======== Records for this exercise

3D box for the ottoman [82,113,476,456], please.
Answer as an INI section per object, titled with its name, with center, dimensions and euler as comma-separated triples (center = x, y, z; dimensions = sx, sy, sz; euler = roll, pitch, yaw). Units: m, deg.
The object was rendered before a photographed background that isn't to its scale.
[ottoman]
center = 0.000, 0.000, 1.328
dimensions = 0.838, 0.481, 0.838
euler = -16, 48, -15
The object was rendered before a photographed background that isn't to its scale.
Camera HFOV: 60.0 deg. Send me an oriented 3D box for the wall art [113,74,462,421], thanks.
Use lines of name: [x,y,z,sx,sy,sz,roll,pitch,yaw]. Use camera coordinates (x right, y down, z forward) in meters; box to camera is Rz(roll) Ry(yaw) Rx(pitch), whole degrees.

================
======== Records for this exercise

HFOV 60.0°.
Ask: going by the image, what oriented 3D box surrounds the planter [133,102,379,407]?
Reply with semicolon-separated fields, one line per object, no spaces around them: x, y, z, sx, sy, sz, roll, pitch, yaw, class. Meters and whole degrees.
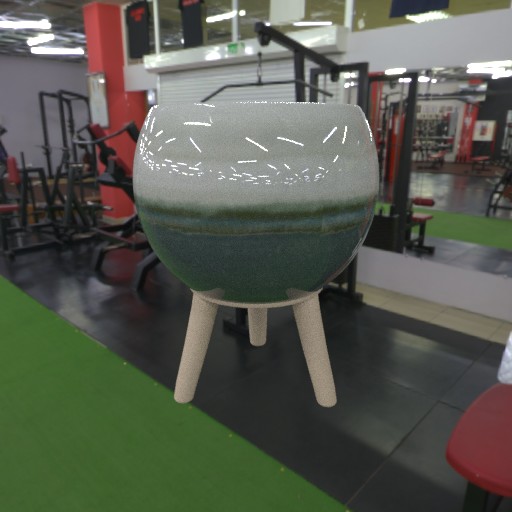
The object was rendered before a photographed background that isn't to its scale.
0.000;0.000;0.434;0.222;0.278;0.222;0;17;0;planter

================

Assignment =>
From the records above, print only the lines between the one holding "Camera HFOV: 60.0" and the one holding "Use lines of", inclusive, exactly as they stand.

Result =>
Camera HFOV: 60.0 deg. Send me an oriented 3D box for the wall art [113,74,462,421], thanks.
Use lines of name: [x,y,z,sx,sy,sz,roll,pitch,yaw]. Use camera coordinates (x right, y down, z forward) in meters; box to camera is Rz(roll) Ry(yaw) Rx(pitch), whole degrees.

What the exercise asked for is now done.